(Source data)
........
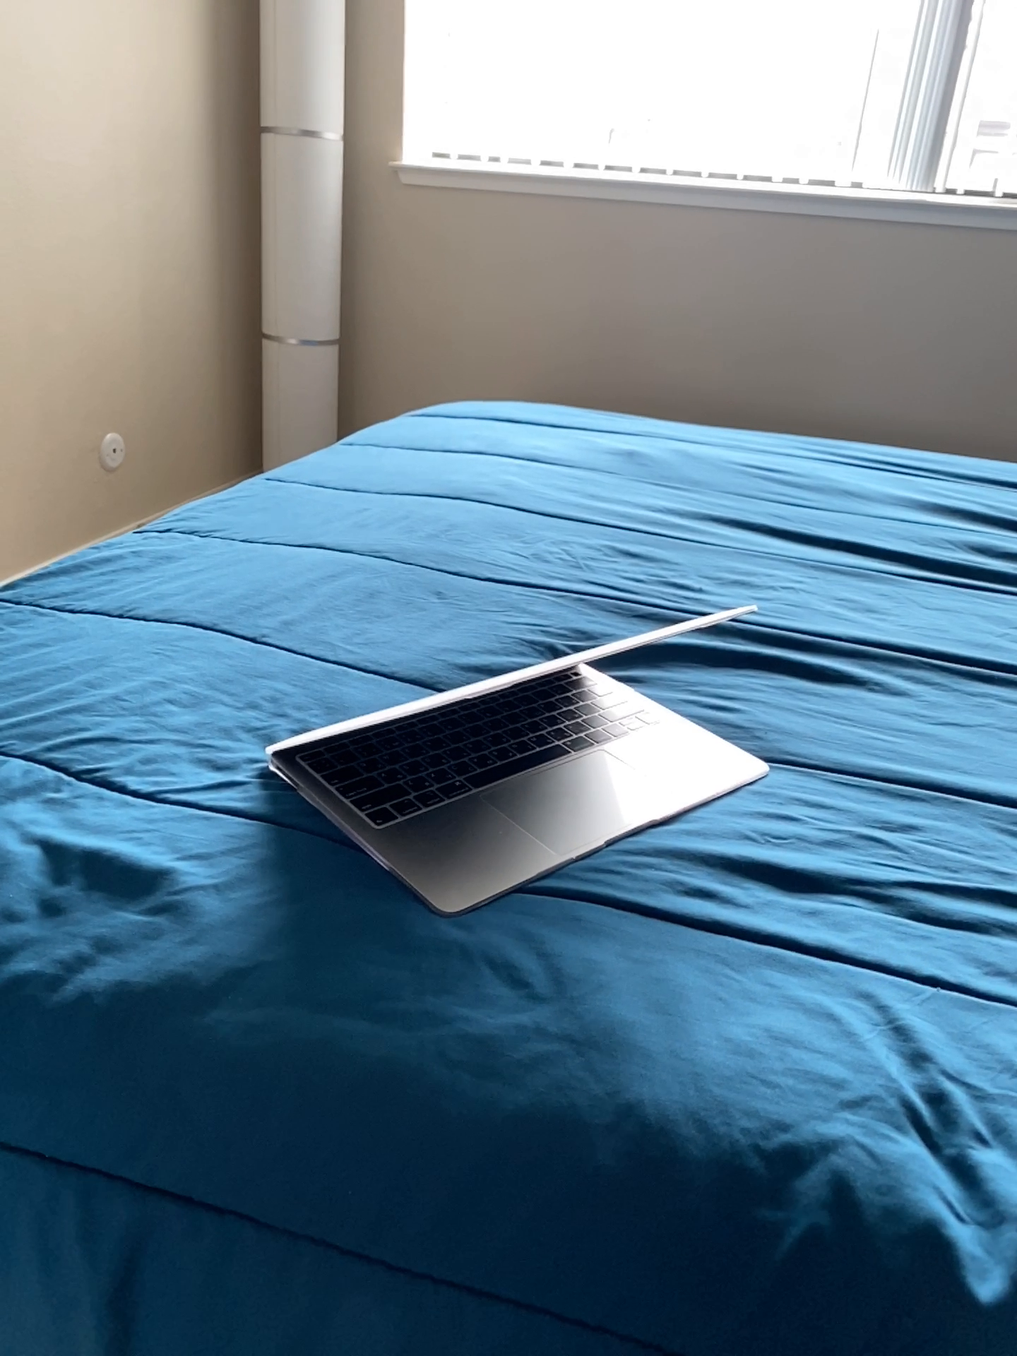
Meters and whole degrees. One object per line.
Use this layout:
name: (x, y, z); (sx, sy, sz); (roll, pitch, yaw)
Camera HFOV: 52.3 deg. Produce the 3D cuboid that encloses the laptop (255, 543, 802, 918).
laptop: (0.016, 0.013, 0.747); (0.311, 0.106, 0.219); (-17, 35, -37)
........
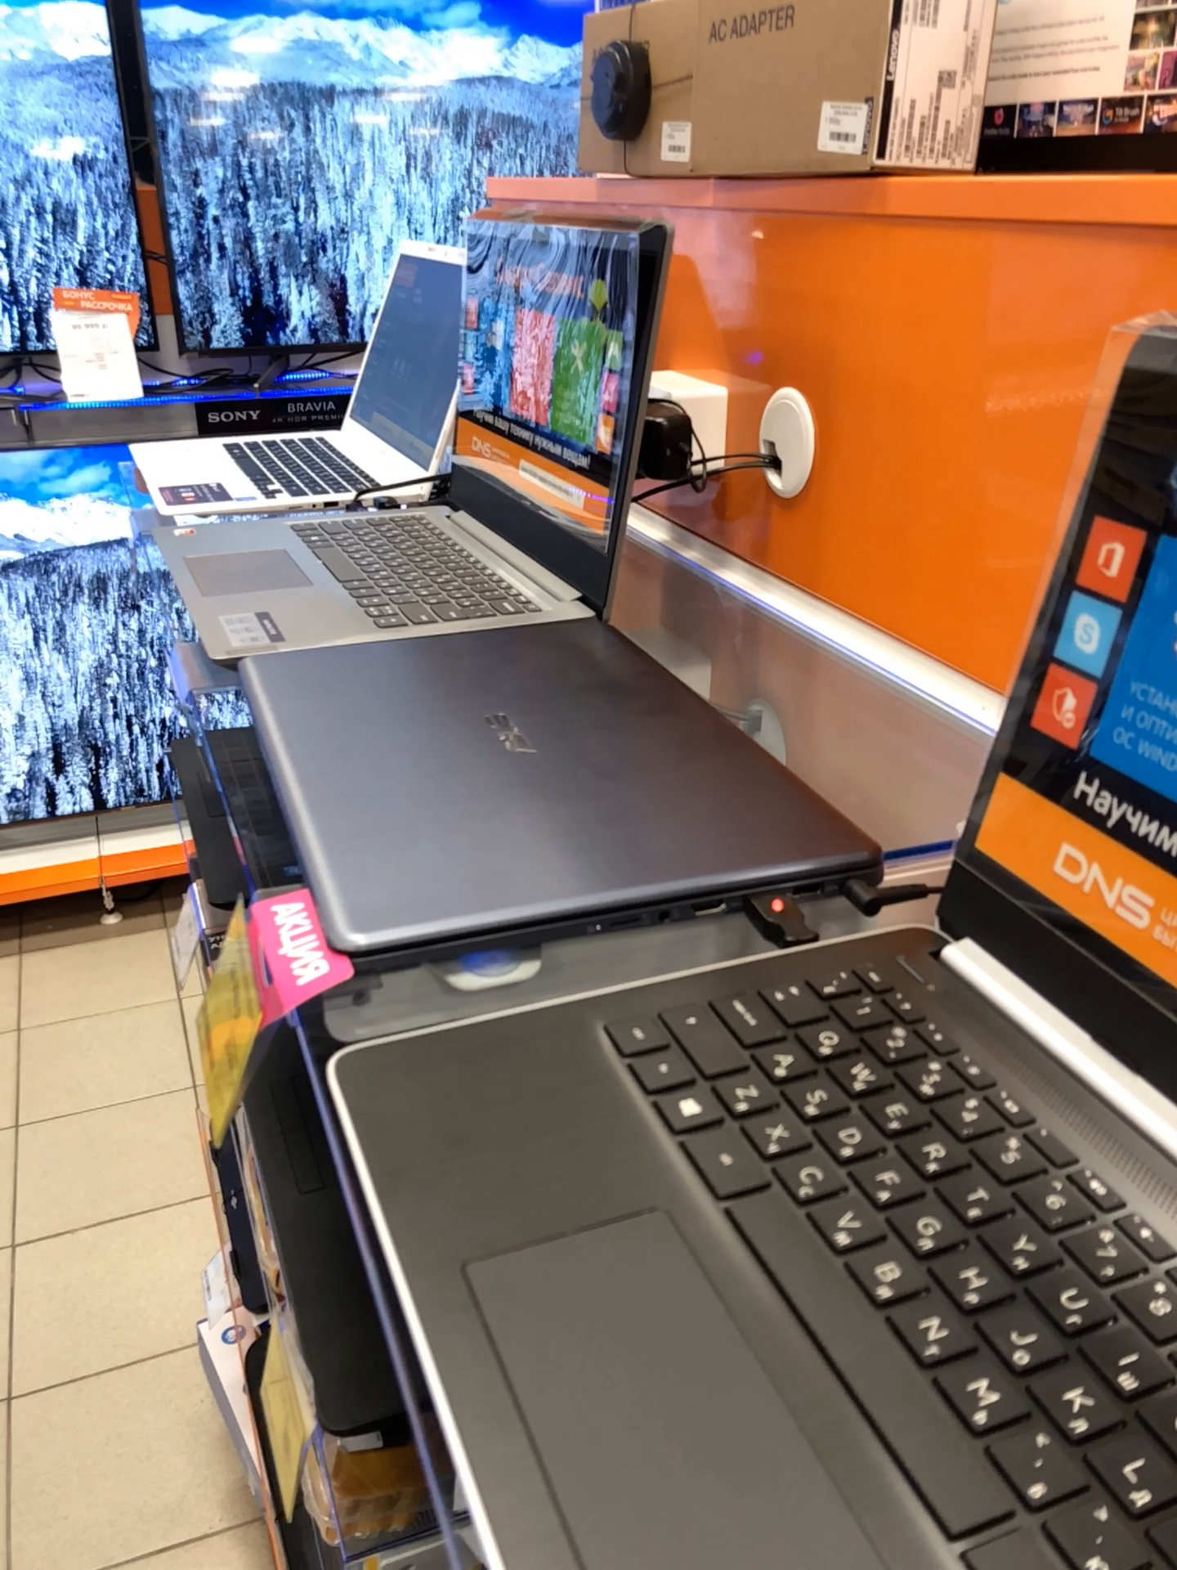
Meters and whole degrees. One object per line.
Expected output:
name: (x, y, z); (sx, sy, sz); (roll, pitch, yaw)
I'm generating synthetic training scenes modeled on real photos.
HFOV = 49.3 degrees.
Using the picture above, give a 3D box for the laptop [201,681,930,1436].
........
WORK TO BE COMPLETED: Retype exactly the lines above, from the one with "HFOV = 49.3 degrees." through the one with "Using the picture", inclusive.

SOLUTION FOR THIS PROBLEM:
HFOV = 49.3 degrees.
Using the picture above, give a 3D box for the laptop [201,681,930,1436].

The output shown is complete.